SUPPLIED MATERIAL.
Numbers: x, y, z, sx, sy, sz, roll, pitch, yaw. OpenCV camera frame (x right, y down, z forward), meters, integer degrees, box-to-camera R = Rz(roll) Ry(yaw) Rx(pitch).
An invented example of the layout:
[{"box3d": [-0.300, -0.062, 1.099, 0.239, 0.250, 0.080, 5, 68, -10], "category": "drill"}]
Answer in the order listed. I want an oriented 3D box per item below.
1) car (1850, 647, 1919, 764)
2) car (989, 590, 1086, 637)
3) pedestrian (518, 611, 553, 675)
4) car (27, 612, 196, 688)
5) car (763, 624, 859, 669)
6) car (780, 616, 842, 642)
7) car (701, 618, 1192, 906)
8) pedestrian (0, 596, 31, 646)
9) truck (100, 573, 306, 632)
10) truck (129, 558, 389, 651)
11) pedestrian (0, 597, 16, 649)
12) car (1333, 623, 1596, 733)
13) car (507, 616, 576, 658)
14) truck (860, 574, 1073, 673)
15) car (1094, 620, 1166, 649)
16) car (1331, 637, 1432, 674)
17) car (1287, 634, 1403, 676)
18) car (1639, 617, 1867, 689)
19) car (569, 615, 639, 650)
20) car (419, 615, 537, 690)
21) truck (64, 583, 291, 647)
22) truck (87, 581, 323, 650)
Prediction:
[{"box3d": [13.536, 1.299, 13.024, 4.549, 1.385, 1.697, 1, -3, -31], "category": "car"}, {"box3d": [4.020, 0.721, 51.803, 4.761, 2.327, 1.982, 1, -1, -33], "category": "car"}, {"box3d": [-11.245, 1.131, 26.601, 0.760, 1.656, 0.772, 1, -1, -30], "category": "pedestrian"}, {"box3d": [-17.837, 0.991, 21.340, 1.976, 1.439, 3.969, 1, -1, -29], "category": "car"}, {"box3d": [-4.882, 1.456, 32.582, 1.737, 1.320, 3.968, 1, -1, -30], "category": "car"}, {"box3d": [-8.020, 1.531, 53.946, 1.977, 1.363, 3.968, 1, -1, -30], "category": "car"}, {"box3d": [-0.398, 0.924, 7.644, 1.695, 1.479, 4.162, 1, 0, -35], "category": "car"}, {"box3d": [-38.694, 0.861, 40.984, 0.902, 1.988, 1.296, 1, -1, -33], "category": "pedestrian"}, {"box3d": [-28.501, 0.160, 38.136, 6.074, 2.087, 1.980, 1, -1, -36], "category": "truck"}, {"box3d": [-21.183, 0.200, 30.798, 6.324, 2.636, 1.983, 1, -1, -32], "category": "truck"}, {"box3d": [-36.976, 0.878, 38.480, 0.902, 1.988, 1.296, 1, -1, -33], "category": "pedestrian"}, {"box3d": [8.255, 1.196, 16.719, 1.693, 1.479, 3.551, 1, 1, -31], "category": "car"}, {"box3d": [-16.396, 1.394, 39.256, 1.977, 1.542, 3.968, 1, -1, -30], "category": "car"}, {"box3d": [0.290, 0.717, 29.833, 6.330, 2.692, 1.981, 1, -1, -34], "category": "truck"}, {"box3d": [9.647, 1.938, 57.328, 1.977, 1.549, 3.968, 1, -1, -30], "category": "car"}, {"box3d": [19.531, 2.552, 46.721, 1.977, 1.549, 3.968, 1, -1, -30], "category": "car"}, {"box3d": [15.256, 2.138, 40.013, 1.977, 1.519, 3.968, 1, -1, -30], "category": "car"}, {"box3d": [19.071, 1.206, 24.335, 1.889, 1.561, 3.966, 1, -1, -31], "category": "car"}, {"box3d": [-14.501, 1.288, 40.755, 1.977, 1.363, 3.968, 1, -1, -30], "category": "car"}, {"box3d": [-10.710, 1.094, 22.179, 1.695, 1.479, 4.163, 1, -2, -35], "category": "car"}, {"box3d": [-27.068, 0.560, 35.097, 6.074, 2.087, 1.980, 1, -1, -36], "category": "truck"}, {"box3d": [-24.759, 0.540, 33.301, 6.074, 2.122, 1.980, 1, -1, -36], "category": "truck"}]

PROBLEM DETAILS.
Output only an exact transcription of the lines above from the one with "6) car (780, 616, 842, 642)" up to and including the one with "15) car (1094, 620, 1166, 649)".

REPLY TO THE EXERCISE.
6) car (780, 616, 842, 642)
7) car (701, 618, 1192, 906)
8) pedestrian (0, 596, 31, 646)
9) truck (100, 573, 306, 632)
10) truck (129, 558, 389, 651)
11) pedestrian (0, 597, 16, 649)
12) car (1333, 623, 1596, 733)
13) car (507, 616, 576, 658)
14) truck (860, 574, 1073, 673)
15) car (1094, 620, 1166, 649)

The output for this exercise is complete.